Algorithm to combine two arrays for the smallest CQL filter

52 views Asked by At

I have an array of tables containing an array of privilege_ids. I create CQL filters with the ids like (((table_id in (1,2,3)) and (privilege_id in ('abc','def','ghi'))) and ((table_id in (4,5)) and (privilege_id in ('def','ghi','jkl')))).

So I need an algorithm that finds the best grouping of table_id and privilege_id to get the shortest CQL out of it.

Input Tables

[
  { id: 1, privilege_ids: ['abc','def','ghi', 'mno', ..., 'yza'] },
  { id: 2, privilege_ids: ['abc','def','ghi', 'mno', ..., 'yza'] },
  { id: 3, privilege_ids: ['abc','def','ghi', 'mno', ..., 'yza'] },
  { id: 4, privilege_ids: ['def','ghi','jkl', 'mno', ..., 'yza'] },
  { id: 5, privilege_ids: ['def','ghi','jkl', 'mno', ..., 'yza'] }
]

Output

[
   { table_ids: [1, 2, 3], privilege_ids: ['abc'] },
   { table_ids: [4, 5], privilege_ids: ['jkl'] },
   { table_ids: [1, 2, 3, 4, 5], privilege_ids: ['def','ghi', 'mno', ..., 'yza'] }
]

The output is used to create the CQL. In this example you can also group 1, 2, 3 and 4, 5. However the overlapping privilege_ids would create more text than the additional grouping of table_ids 1,2,3,4,5. So this is the algorithm I need.
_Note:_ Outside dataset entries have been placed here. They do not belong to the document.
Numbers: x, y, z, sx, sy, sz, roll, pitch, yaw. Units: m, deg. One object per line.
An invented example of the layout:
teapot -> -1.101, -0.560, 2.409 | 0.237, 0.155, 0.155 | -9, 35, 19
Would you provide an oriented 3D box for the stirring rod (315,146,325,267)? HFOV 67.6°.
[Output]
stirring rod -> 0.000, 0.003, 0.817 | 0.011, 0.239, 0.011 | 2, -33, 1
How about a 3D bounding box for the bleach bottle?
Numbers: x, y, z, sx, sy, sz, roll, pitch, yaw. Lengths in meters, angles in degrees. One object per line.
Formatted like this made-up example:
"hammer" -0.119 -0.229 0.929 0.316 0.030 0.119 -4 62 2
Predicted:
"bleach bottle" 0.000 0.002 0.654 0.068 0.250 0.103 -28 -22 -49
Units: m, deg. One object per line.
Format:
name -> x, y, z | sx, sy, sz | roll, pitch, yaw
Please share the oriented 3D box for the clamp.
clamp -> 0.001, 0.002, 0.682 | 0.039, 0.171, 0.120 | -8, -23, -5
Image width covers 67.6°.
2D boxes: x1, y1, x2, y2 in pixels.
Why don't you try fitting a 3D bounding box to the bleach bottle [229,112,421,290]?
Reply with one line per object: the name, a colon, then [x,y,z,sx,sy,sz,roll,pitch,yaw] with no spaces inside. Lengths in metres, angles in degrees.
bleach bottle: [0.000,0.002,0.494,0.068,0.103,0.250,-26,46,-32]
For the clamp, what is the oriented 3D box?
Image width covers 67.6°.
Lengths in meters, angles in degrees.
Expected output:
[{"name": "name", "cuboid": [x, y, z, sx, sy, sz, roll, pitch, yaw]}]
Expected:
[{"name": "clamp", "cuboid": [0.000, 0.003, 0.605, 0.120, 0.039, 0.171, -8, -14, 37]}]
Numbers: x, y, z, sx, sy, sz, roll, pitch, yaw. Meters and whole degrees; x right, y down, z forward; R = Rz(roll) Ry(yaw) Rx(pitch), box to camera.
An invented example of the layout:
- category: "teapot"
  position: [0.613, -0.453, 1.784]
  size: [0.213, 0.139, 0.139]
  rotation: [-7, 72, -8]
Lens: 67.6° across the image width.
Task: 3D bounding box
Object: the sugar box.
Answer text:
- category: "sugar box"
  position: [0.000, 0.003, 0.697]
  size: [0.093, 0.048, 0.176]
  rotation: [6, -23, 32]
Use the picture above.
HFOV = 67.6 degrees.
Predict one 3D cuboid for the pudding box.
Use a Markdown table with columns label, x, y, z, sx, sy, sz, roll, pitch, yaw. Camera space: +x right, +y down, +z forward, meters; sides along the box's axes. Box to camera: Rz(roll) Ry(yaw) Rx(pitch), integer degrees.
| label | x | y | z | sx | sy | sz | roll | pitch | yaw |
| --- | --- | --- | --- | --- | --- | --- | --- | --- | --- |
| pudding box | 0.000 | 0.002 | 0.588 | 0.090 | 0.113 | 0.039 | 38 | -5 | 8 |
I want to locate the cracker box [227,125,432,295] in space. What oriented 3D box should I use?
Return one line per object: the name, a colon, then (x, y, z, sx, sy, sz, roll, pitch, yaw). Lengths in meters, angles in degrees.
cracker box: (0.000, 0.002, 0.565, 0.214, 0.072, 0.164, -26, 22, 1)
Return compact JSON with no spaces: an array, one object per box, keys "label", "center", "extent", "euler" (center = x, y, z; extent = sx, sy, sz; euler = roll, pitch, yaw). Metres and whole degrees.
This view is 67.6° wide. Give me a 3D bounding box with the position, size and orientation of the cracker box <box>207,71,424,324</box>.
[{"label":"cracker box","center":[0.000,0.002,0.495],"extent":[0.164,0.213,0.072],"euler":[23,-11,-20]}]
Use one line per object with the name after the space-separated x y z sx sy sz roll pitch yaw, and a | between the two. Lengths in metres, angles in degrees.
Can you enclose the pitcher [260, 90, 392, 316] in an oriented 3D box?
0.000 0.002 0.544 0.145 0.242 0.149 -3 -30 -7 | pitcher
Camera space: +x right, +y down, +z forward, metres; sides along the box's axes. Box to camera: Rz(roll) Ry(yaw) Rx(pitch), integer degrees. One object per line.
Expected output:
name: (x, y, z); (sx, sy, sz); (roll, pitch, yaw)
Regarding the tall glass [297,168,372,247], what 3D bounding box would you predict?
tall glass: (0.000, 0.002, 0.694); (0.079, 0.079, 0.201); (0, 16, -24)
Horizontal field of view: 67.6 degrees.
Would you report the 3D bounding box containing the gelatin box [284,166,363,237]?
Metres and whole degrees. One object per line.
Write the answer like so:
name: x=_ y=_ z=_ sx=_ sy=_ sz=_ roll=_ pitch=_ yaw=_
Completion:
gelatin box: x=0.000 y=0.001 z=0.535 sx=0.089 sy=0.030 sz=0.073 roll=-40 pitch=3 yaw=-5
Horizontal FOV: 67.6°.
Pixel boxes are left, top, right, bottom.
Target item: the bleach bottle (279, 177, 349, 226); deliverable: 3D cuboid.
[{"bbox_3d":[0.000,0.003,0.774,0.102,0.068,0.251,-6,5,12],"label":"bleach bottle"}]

There are around 1 - 10 tables per query with each 1 - 500 privilege_ids. Most of the privilege_ids overlap. The goal is to find the biggest overlapping privilege_id combination with their table_id to create the smallest CQL filter in extreme cases (500 privilege_ids) without making it to big for smaller usecases (10 privilege_ids).

0

There are 0 answers